A long period of prosperity was broken by World War I (1914–1918), which led into the Russian Civil War, interrupting the lives of Chortitza's residents. Mennonites served as medics during the war, caring for injured soldiers. For a short time after the war, the German army occupied Ukraine, including Chortitza. After the Armistice at the end of 1918 the German soldiers withdrew. A self-defense force was organized within the villages, perhaps with help and weapons from the German army. Some of the Mennonites took part in this force, even though they traditionally opposed military service on religious grounds. Civil war raged from 1917 to 1921 as the communists tried to take power. Things were chaotic in Ukraine during this period of constant revolution. Nestor Makhno's army would target the Mennonite colonies. Initially the villages attempted to protect themselves with the help of the self-defense force.
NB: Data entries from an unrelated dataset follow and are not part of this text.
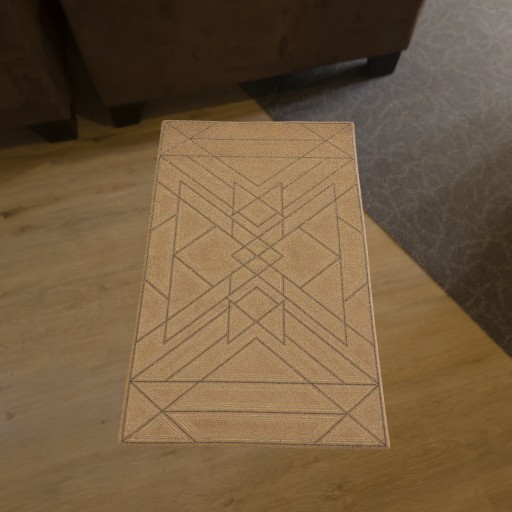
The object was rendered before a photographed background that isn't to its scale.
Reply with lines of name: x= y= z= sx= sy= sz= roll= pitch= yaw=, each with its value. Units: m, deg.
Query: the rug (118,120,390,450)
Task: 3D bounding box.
rug: x=0.000 y=0.000 z=3.090 sx=1.575 sy=0.023 sz=2.459 roll=1 pitch=64 yaw=0
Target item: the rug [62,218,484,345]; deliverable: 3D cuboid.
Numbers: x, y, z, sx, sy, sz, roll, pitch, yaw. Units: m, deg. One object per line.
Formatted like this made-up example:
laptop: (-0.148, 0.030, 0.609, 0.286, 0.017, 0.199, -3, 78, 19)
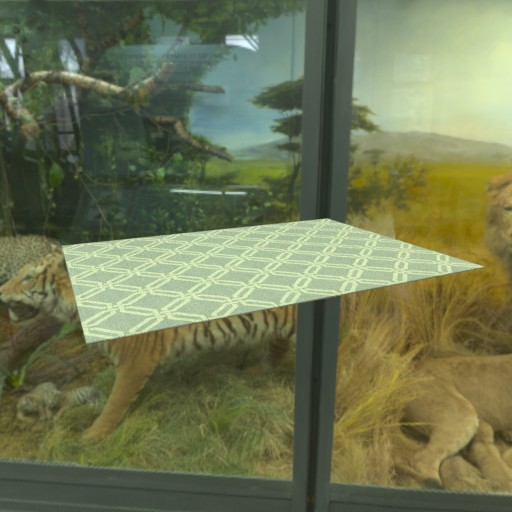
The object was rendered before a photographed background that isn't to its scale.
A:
rug: (0.000, 0.000, 4.307, 3.353, 0.013, 2.438, -8, 18, -25)
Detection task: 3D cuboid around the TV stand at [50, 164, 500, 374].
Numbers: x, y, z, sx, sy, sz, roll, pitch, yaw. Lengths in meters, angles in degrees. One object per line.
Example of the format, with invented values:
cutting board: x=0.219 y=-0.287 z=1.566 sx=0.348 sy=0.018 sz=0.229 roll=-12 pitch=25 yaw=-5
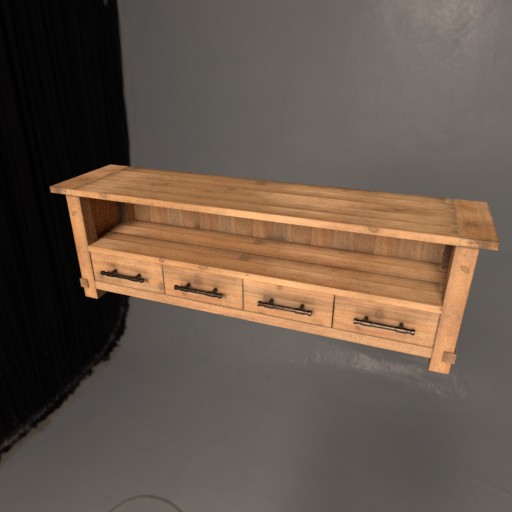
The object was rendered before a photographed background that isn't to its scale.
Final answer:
TV stand: x=0.000 y=0.000 z=1.983 sx=1.804 sy=0.573 sz=0.453 roll=9 pitch=27 yaw=18
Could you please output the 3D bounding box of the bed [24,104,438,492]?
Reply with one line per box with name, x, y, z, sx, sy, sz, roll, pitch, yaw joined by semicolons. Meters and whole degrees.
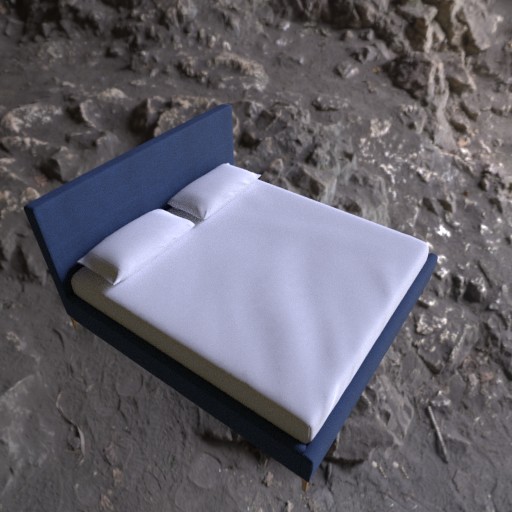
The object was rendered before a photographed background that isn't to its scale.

After Makhno entered into one of his alliances with the Red Army, it was no longer possible to resist his forces.

During the period mid October 1919 to the last week in December of that year, Makhno's army occupied all the colony's villages and much of the district up to Ekaterinoslav (current Dnipro). The Makhnovists invaded the colonists' homes, murdered, raped, and spread venereal diseases and typhus. The latter epidemic ultimately infected roughly 95% of the local population, of which more than 10% died.

==Communism==
After communists gained control over the region, they began to appropriate grain from the landowners. Eventually the population began to starve and epidemics spread. During this time Mennonites began organizing to immigrate to Canada. In 1923 many of the former large landowners, ministers and internal refugees migrated to Canada, mainly to Manitoba and Saskatchewan, with credit provided by the Canadian Pacific Railway.
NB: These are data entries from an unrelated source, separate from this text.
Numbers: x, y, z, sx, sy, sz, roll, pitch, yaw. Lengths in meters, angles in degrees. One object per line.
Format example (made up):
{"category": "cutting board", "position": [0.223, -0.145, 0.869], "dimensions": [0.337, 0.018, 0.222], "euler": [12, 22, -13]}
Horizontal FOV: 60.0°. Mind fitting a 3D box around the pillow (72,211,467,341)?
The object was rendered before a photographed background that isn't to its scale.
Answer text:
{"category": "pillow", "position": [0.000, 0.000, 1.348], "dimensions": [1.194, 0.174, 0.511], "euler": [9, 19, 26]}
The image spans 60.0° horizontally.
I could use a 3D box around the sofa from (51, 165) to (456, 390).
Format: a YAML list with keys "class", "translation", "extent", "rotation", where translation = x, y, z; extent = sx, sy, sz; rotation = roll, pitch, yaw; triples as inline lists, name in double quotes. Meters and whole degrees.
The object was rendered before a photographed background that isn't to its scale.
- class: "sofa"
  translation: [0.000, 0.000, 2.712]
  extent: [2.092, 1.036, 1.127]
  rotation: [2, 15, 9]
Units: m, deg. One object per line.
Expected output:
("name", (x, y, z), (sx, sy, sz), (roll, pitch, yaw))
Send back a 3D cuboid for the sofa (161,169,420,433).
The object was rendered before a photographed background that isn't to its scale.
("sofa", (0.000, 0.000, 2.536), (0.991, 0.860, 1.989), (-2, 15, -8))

In 1926 the village of Einlage was abandoned to make way for the flooding from the Dnieper Hydroelectric Station dam. Many other Chortitza Mennonites suffered under the dekulakization programs of the 1920s and the collectivization of 1930. Confiscated land was given to peasants, usually Communist Party members. In May 1931, with these newest citizens of Chortitza village voted out the remaining Mennonite landowners. From 1929 to 1940, 1500 men of a total population of 12,000 were exiled to hard labor in the far north or Siberia.

==World War II==
As World War II began in 1941, the Soviet government intended to deport all the residents of Chortitza to Siberia, but the German Wehrmacht advanced so quickly, the plan could not be executed. Under German occupation, the population made a degree of recovery. But by 1943 German people were evacuated to Reichsgau Wartheland, and the Wehrmacht retreated from the Soviet Union. As the Red Army entered German territory they seized refugees attempting to flee the Soviet Union. Some escaped by going deeper into Germany, but as Soviet citizens, the Allies delivered them back to the Soviets. With a few exceptions, the former residents of Chortitza were deported to Siberia and Kazakhstan. There they were simply released on the bare steppe. Many did not survive. They shared the fate of other Germans from Russia.

==Scattering==
After the restriction of free travel was eased in 1956, a few returned to their old home of Chortitza. Today mostly Ukrainians and Russians live there. A few Mennonites, who have either a Ukrainian parent or spouse, resettled there. Mennonite churches and ministries can now be found in Zaporizhia oblast. In Kazakhstan, Mennonites have gathered in industrial cities such as Karaganda.

At the end of the 1980s many Mennonites in the Soviet Union began to immigrate to Germany. Today many of the former residents of Chortitza and their descendants are found in Germany and Canada.